39 heures de garde à vue : le prix du journalisme
Pauline Bock - - Scandales à retardement - Sur le gril - 24 commentairesTous les samedis, l'édito médias de Pauline Bock, envoyé la veille dans notre newsletter hebdomadaire gratuite, Aux petits oignons : abonnez-vous !
En France, en 2023, on arrête des journalistes, on perquisitionne leur domicile, on leur fait passer 39 heures en garde à vue. Leur crime ? Le journalisme. Enfin, pas officiellement : dans le cas d'Ariane Lavrilleux, journaliste de Disclose placée en garde à vue ce mardi 19 septembre, c'est "dans le cadre d'une enquête pour compromission du secret de la défense nationale et révélation d'informations pouvant conduire à identifier un agent protégé". Une enquête ouverte suite à une plainte déposée par le ministère des Armées. Ariane Lavrilleux a coécrit la série d'enquêtes des "Egypt Papers" révélant l'opération Sirli, menée en Egypte à partir de 2015 par l'armée française pour le compte du régime du maréchal Al-Sissi. Que cette enquête déplaise au ministère des armées est une chose, qu'une plainte soit déposée et une enquête ouverte en est une autre : c'est une atteinte claire au secret des sources des journalistes.

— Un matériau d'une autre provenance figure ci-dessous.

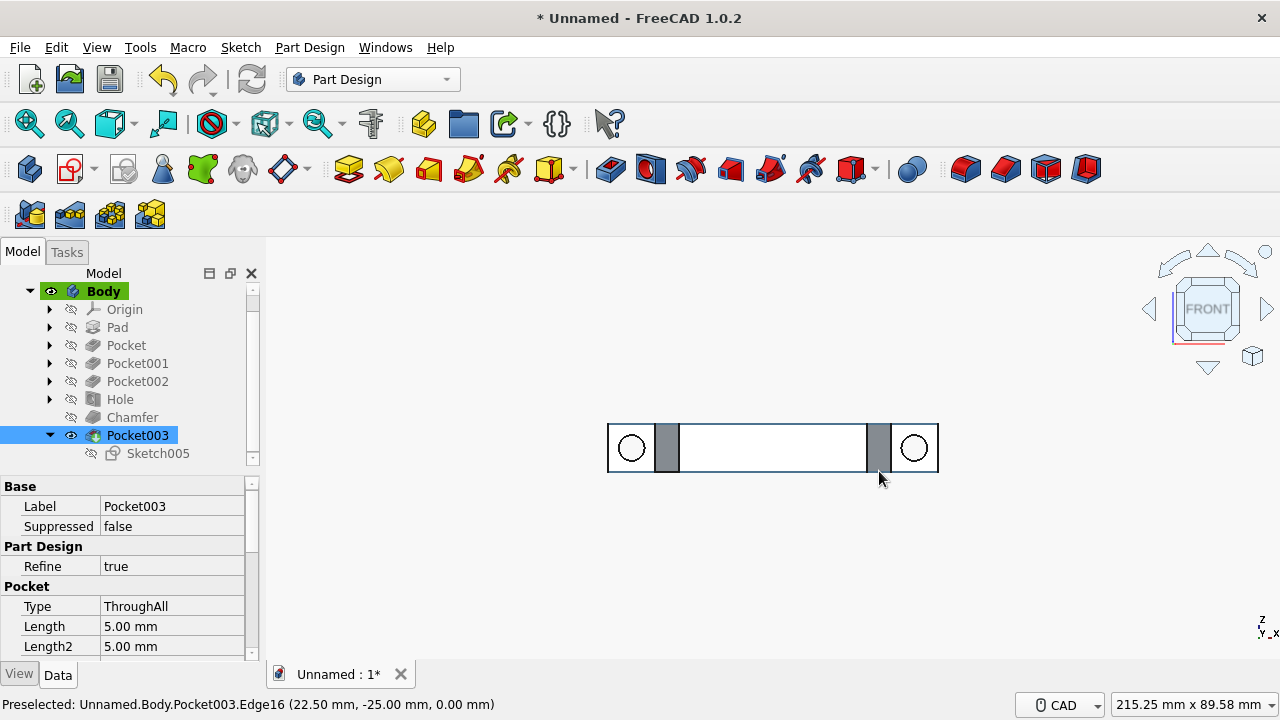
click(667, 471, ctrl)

"L'objectif de ce nouvel épisode d’intimidation inadmissible à l’égard des journalistes de Disclose est clair : identifier nos sources ayant permis de révéler l’opération militaire Sirli, en Égypte", dénonçait Disclose dès l'annonce de la garde à vue de leur journaliste. L'arrestation d'Ariane Lavrilleux est "une situation gravissime, qui s’inscrit dans un contexte de multiplication des procédures contre les journalistes ces dernières années (convocations par la DGSI, tentative de perquisition d’une rédaction…)" et constitue "une attaque sans précédent contre la protection du secret des sources des journalistes", ont alerté, dans une tribune commune, les Sociétés des Journalistes d'une quarantaine de médias, dont celle d'Arrêt sur images. RSF et Amnesty ont également réagi, les premiers en craignant que "les démarches de la DGSI ne portent atteinte au secret des sources", les seconds en se préoccupant du fait que "les journalistes enquêtant sur des sujets liés au domaine opaque de la défense" soient "quasi systématiquement l’objet d’une enquête de la DGSI".

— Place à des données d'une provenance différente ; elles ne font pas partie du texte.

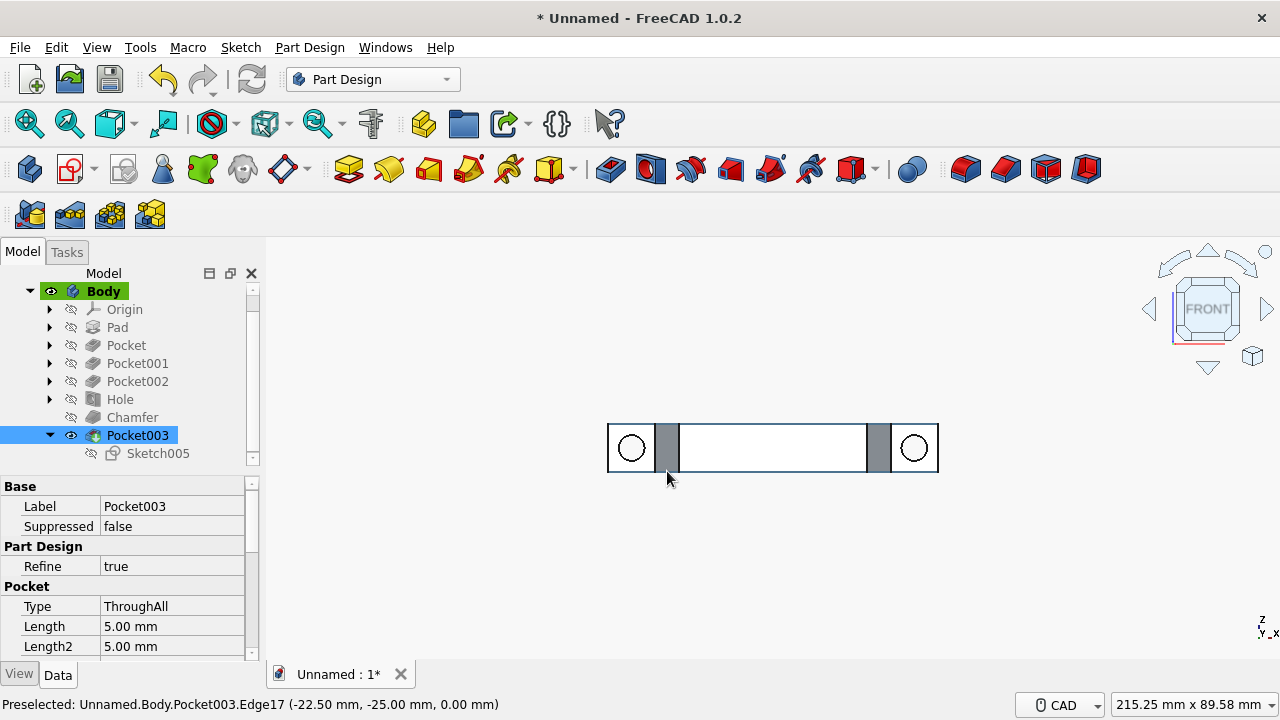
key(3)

Les arrestations, gardes à vue, et autres convocations de journalistes s'accumulent ces temps-ci : en juillet, c'est le photographe indépendant Yoan Sthul-Jäger qui était arrêté au petit matin à son domicile, perquisitionné, placé en garde à vue et désormais mis en examen, pour avoir fait son travail en couvrant une action militante dans une usine Lafarge. Pas plus tard que le 21 septembre, le lendemain de la sortie d'Ariane Lavrilleux de garde à vue, trois journalistes de Libération ont été convoqués par la police judiciaire de Lille : le parquet a retenu contre leur série d'articles sur la mort d’Amine Leknoun, tué par un policier de la BAC, les motifs de "violation du secret de l’instruction", "recel de violation du secret de l’instruction" et "diffamation publique à raison de la fonction ou de la qualité de dépositaire de l’autorité publique". Des tentatives d'intimidations de journalistes inadmissibles en démocratie, mais de plus en plus fréquentes.

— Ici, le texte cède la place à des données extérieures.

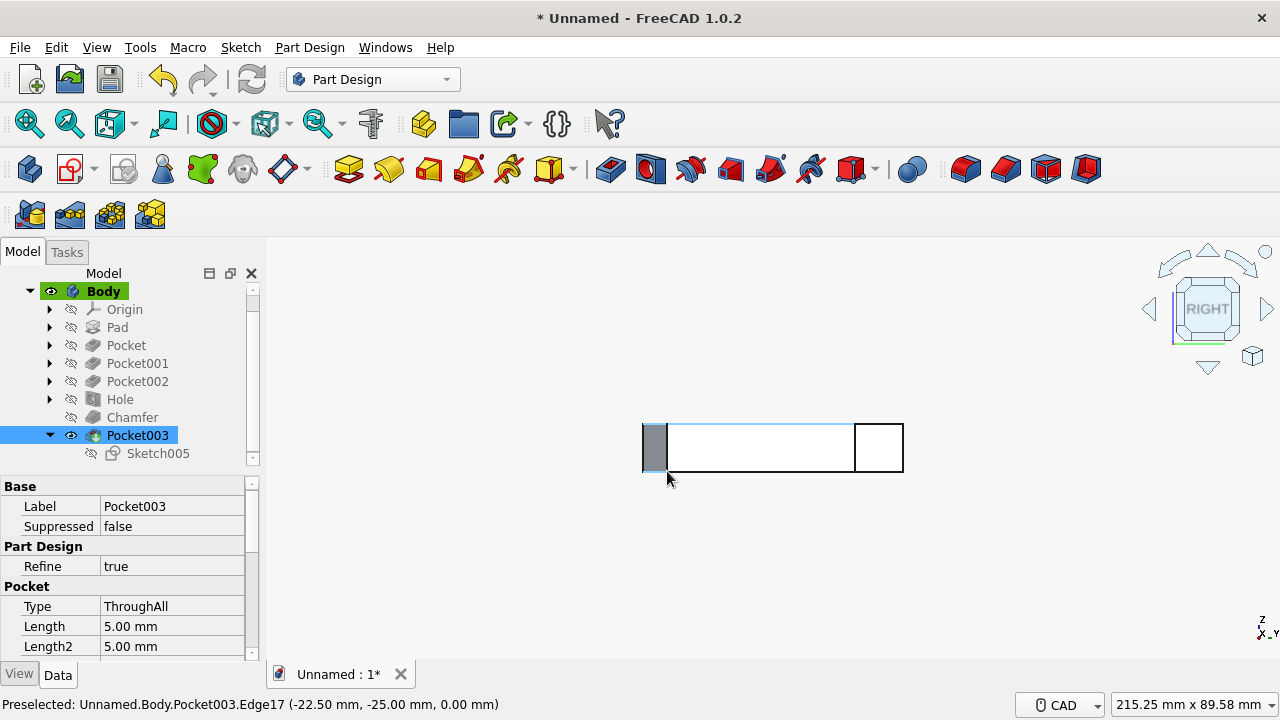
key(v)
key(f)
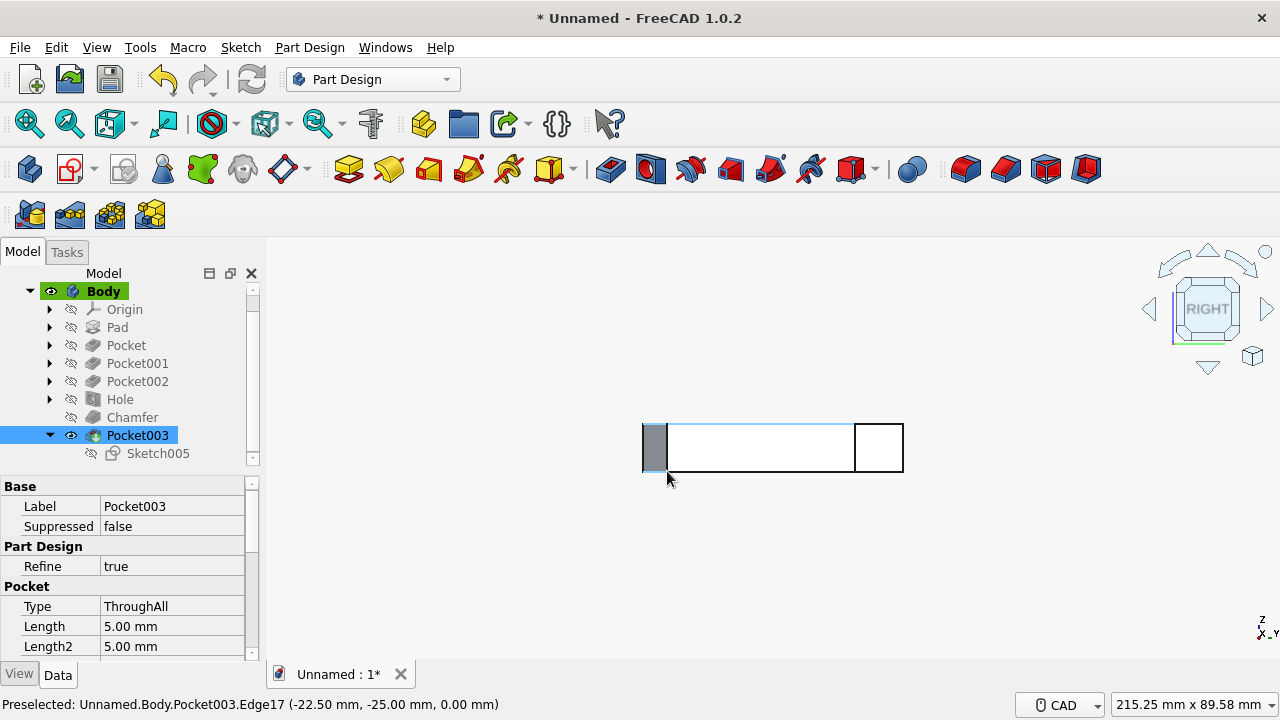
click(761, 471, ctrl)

Face à l'indignation généralisée de la profession qu'a provoquée l'arrestation d'Ariane Lavrilleux, on aurait pu espérer un sursaut politique, surtout de la part d'un gouvernement qui se prépare à tenir des états généraux de l'information. Mais le président Macron était trop occupé à faire des courbettes au roi d'Angleterre ; quant au porte-parole du gouvernement Olivier Véran, il ne comprend tout simplement pas qu'on lui demande de se positionner sur le sujet.
Lors d'une conférence de presse mercredi 20 septembre après le conseil des ministres, alors qu'Ariane Lavrilleux était encore en garde à vue, Véran a éludé les questions de la journaliste de Mediapart Célia Mebroukine, qui lui demandait s'il est "normal qu'une journaliste passe une nuit en cellule dans une démocratie". Véran a répondu que ce n'était "pas le lieu" d'aborder le sujet, qui "n'est pas un sujet abordé dans le cadre gouvernemental", et qu'en tant que "porte-parole du gouvernement", il "porte la parole du gouvernement". Or le gouvernement n'a rien à dire au sujet d'une journaliste arrêtée pour avoir fait son travail, et d'ailleurs, il ne sait rien : "Je préfère m’exprimer sur des sujets en toute connaissance de cause, de la totalité des éléments, ce que ni vous ni moi n’avons à l’heure où je vous parle", ajoutait Véran. Circulez, la liberté de la presse, le gouvernement n'en a rien à faire.